No. I tend to think pretty basic and simplistic. It's a major reason why I haven't gone far in my electronics hobby. But yes - there is BEMF. I just forgot to mention it.

 

I think it is also interesting the way torque is interpreted.
Of course the physical torque is the torque measured at the load, but in some models the torque is converted into speed (and speed into position), so if you have no speed you have no net torque because the torque produced by the motor is equaled by the torque of the load. This is like a force applied to a thick brick wall, where the force of the wall pushes back on the driving force equally and opposite in direction.

 

Given a fixed voltage, you have fixed current.
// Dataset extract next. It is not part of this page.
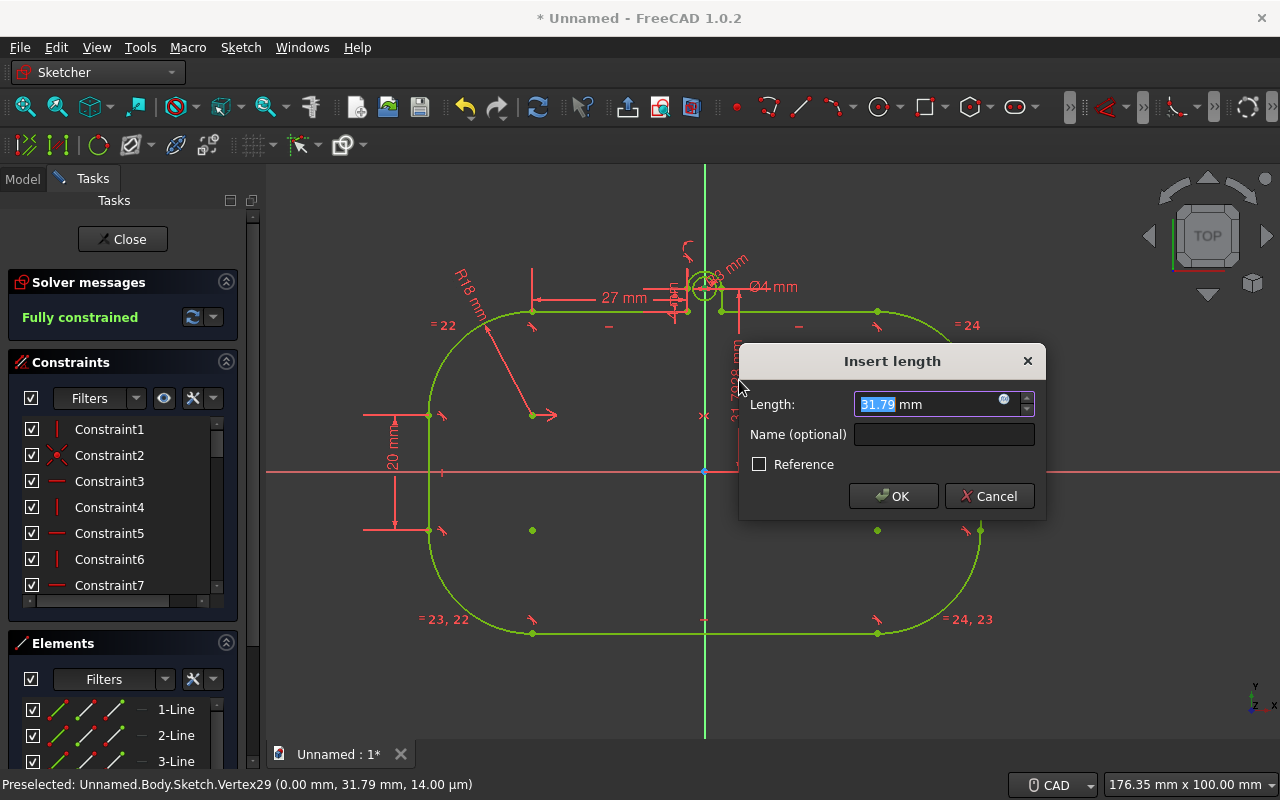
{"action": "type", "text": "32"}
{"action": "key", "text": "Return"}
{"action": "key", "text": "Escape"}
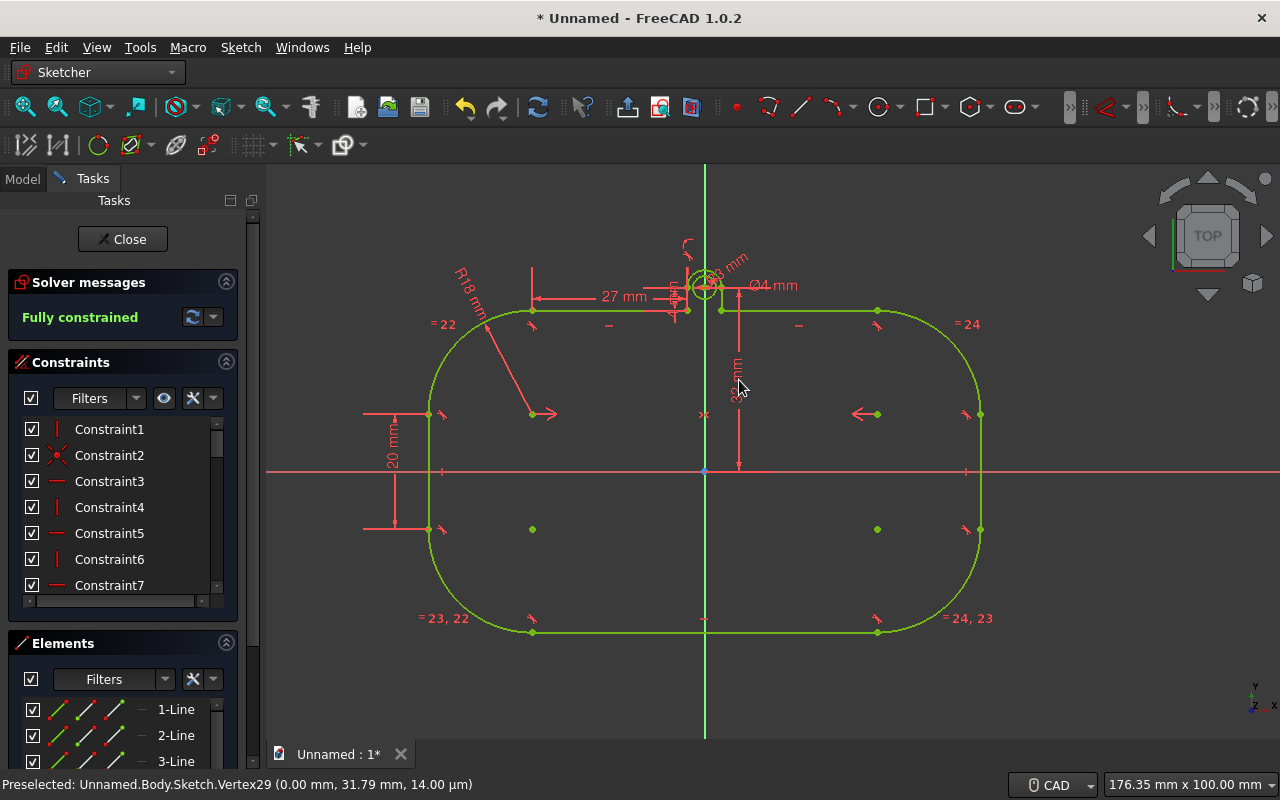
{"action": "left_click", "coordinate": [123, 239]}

Given fixed current, you have a some maximum torque ability. The magnetic field opposing the stationary magnets in a typical DC motor is proportional to the current through the windings.

A motor rated for an amp will start on far less, but you can lightly pinch the shaft with your finger with current limited to 0.1A and stop it. Turn the current up and you'll burn your finger trying to stop it.

I used to work in the automatic door industry; the company I worked for used 90VDC motors. This is precisely how we made sure we didn't seriously hurt grandma; the H-bridge driver had a current shunt on the bottom, and we monitored it and were able to decrease the PWM duty-cycle to limit the average current so grandma didn't get plowed down.

I invite anyone reading this to hook up a DC motor and tune your power supply to (whatever it's rated) volts and limit the current to 1/10th of what it is rated and try it. It's really interesting to experience.

As for the original question - when you load a motor down, you demand that maximum torque, and often will max out the power supply's ability to supply any more current. This often causes the voltage to start to droop if you drag the power supply out of compliance, which slows it down...

Paul
KI5VNH

 

As a motor is a power converter, from electrical to mechanical, you can calculate its power rating , at that voltage, from your data. It then goes, with an increase in torque, a corresponding decrease in speed is required at rated power.

 

Is it a series-wound or shunt-wound motor?

 

Consider a theoretical perfect (impossible) brushed DC motor, driven by a perfect voltage source.

The motor would always spin at a constant RPM where the BEMF equals the supply voltage.

Loading the motor would cause current to increase, but the speed would remain constant.
The current could go infinitely high to hold the speed.

But now consider a real, impefect motor with coil resistance; loading the motor does increase the current, but the coil resistance now prevents the current from increasing to the level required to maintain the original RPM - the RPM drops to a lower equilibrium level.